Thanking the other brother nations in the region for their support in this important initiative, Al Bowardi said: "Such unity of purpose not only provides a greater chance for success in the area of conservation, but also serves to strengthen the bonds that tie us together."

A total of 4,405 Asian houbara bustards were released within the UAE as part of the Sheikh Khalifa Houbara Reintroduction Project to restore wild resident populations in the country. This surpasses the previous record of 1,292 birds released in the country during a single season by almost 250 per cent.

This record number was further boosted by the release of houbara bustards in the Arabian peninsula countries. Of the birds provided, Qatar received 1,000, Kuwait 250 and Yemen 200.

Expansion of the number of sites to release houbara bustards in the wild is another sign of the progress that has been made by the fund, which was established in 2006 by Crown Prince of Abu Dhabi Sheikh Mohamed bin Zayed Al Nahyan, who is also deputy supreme commander of the UAE Armed Forces .

As well as spreading out across the Gulf, the number of viable release sites within the UAE has greatly increased, growing from just a single site in 2004 to 25 in the UAE this year.

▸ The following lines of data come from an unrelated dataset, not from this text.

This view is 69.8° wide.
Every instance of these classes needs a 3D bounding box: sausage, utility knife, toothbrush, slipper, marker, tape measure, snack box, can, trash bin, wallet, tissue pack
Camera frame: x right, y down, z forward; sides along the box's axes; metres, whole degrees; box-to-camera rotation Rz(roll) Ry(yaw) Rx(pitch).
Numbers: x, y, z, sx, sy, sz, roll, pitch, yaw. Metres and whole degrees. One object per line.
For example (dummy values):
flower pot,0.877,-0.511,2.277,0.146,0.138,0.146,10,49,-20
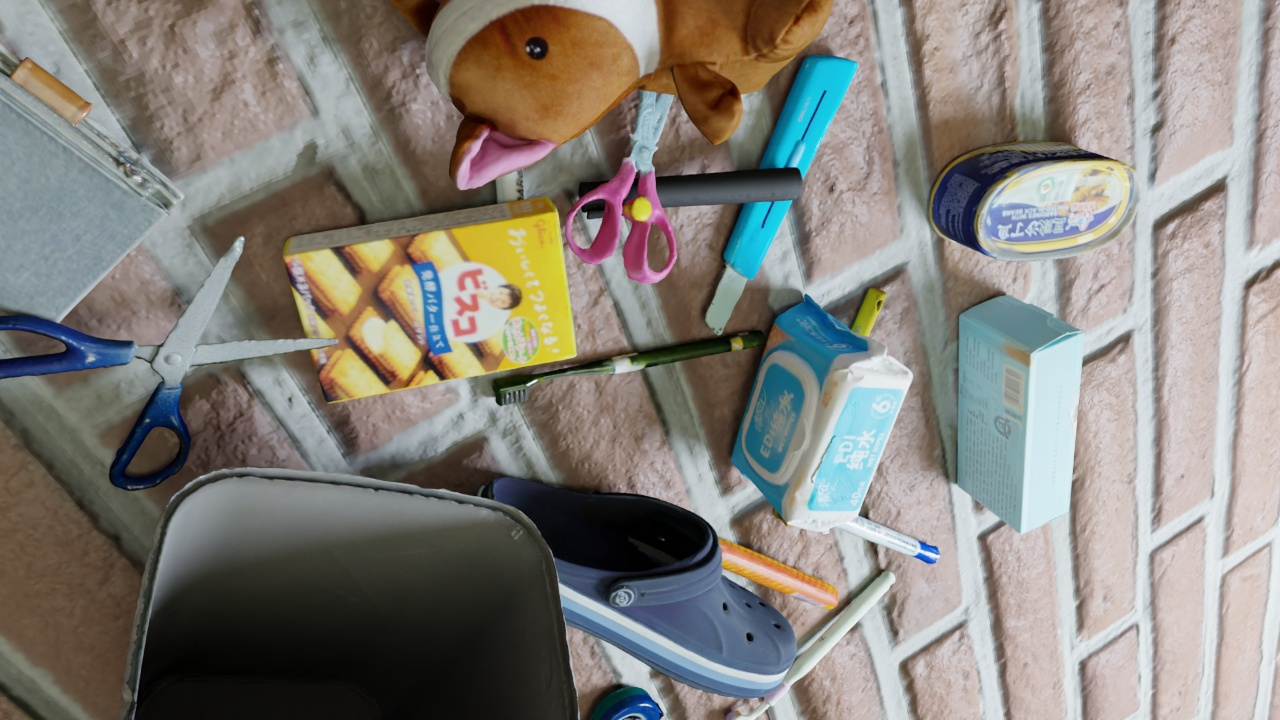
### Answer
sausage,0.103,0.166,0.711,0.165,0.021,0.021,29,100,-34
utility knife,0.080,-0.099,0.567,0.034,0.018,0.186,12,111,-31
toothbrush,-0.003,0.003,0.584,0.185,0.012,0.017,-11,125,-20
slipper,0.004,0.132,0.597,0.252,0.105,0.095,29,110,-24
marker,-0.071,-0.077,0.507,0.017,0.017,0.145,-11,119,-20
marker,0.194,0.141,0.745,0.145,0.017,0.017,24,103,-33
tape measure,-0.012,0.279,0.713,0.058,0.025,0.054,17,105,-35
snack box,0.287,0.042,0.703,0.051,0.074,0.175,-20,122,-15
toothbrush,0.145,0.245,0.775,0.189,0.020,0.029,-44,155,-1
toothbrush,0.138,0.038,0.665,0.015,0.016,0.190,8,111,-29
can,0.274,-0.110,0.634,0.148,0.049,0.075,-8,118,-22
trash bin,-0.169,0.199,0.467,0.198,0.198,0.220,14,135,-31
wallet,-0.282,-0.084,0.392,0.107,0.037,0.129,-39,126,10
tissue pack,0.114,0.036,0.609,0.063,0.090,0.140,4,113,-28
snack box,-0.108,-0.033,0.491,0.140,0.033,0.087,-11,119,-11
marker,0.030,-0.097,0.530,0.132,0.022,0.020,-6,154,-13

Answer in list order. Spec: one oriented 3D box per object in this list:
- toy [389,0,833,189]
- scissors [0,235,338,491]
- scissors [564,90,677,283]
toy,-0.013,-0.163,0.430,0.199,0.140,0.131,-18,159,-8
scissors,-0.239,0.004,0.446,0.162,0.012,0.176,13,125,-30
scissors,-0.008,-0.112,0.498,0.076,0.017,0.137,4,91,-29
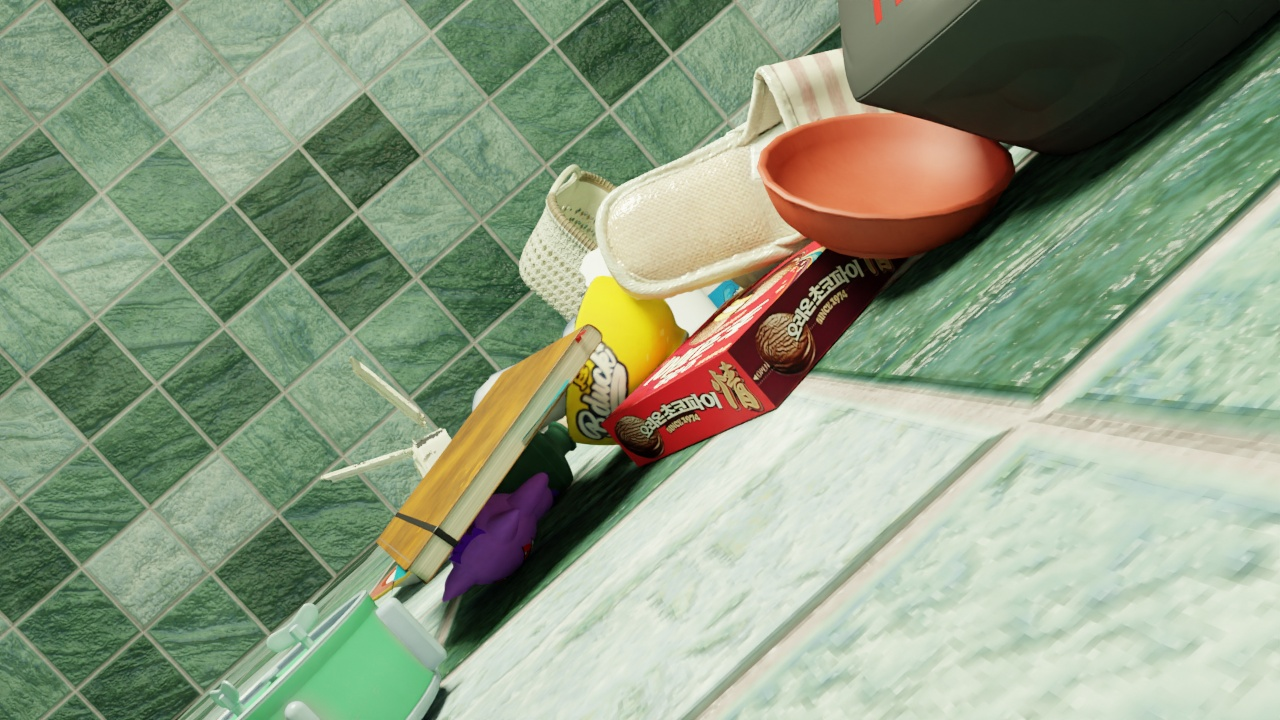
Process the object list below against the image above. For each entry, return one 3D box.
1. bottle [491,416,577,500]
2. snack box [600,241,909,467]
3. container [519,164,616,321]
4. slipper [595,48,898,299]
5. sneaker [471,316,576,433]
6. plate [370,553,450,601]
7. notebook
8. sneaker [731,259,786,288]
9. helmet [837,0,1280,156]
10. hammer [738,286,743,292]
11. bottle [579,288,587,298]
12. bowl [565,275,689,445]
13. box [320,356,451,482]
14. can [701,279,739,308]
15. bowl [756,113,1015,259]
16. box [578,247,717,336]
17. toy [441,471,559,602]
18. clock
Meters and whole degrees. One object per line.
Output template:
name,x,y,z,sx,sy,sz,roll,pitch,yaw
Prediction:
bottle,-0.094,0.091,0.708,0.131,0.061,0.061,-44,7,-31
snack box,0.061,-0.009,0.525,0.132,0.036,0.152,-44,5,-30
container,-0.033,-0.119,1.180,0.143,0.246,0.184,-49,3,30
slipper,0.092,-0.121,0.559,0.263,0.115,0.052,-24,-10,8
sneaker,-0.051,0.015,1.010,0.269,0.103,0.132,-34,23,-15
plate,-0.192,0.177,0.968,0.230,0.021,0.229,-41,4,4
notebook,-0.109,0.065,0.580,0.178,0.014,0.250,-55,12,-17
sneaker,0.160,-0.120,0.612,0.235,0.087,0.079,-39,26,-10
helmet,0.186,-0.197,0.416,0.264,0.170,0.165,-44,5,-27
hammer,0.104,-0.083,0.798,0.120,0.031,0.330,-37,10,24
bottle,-0.018,-0.028,0.906,0.036,0.110,0.036,-41,4,4
bowl,-0.004,0.004,0.630,0.117,0.068,0.117,9,-91,-80
box,-0.200,0.099,0.785,0.095,0.185,0.146,-51,0,-18
can,0.070,-0.064,0.932,0.130,0.044,0.130,-41,4,4
bowl,0.120,-0.085,0.460,0.122,0.035,0.121,-4,36,3
box,0.002,-0.064,0.833,0.084,0.162,0.112,-36,-9,1
toy,-0.095,0.109,0.574,0.106,0.056,0.088,-51,8,6
clock,-0.172,0.179,0.432,0.162,0.075,0.121,-40,4,26
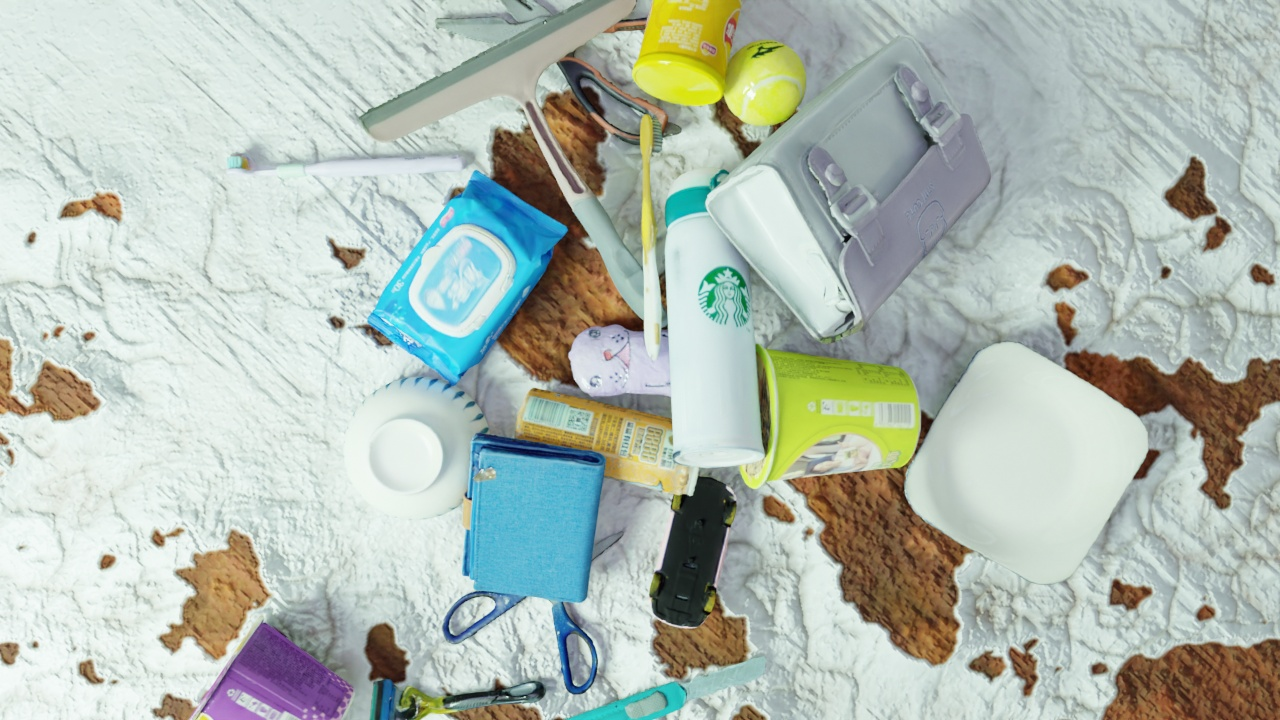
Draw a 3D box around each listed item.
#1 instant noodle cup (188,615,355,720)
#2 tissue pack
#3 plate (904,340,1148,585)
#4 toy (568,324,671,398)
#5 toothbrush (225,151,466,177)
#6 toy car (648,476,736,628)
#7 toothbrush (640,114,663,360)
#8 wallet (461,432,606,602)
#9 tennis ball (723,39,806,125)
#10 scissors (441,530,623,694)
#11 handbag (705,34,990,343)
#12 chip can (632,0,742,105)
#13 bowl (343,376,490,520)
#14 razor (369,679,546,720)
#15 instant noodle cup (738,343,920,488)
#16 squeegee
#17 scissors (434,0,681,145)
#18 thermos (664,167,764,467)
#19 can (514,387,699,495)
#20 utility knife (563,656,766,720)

IFHC's Director-General Mohammed Saleh Al Baidani, said, "This record release of Asian houbara into the wild follows on from a record year for our captive breeding programme."

Stating that it represented significant progress towards restoring sustainable wild populations of houbara, he said: "By releasing houbara in other Gulf countries we aim to increase the numbers of birds residing and breeding in the region to increase numbers so wild populations achieve long-term sustainability."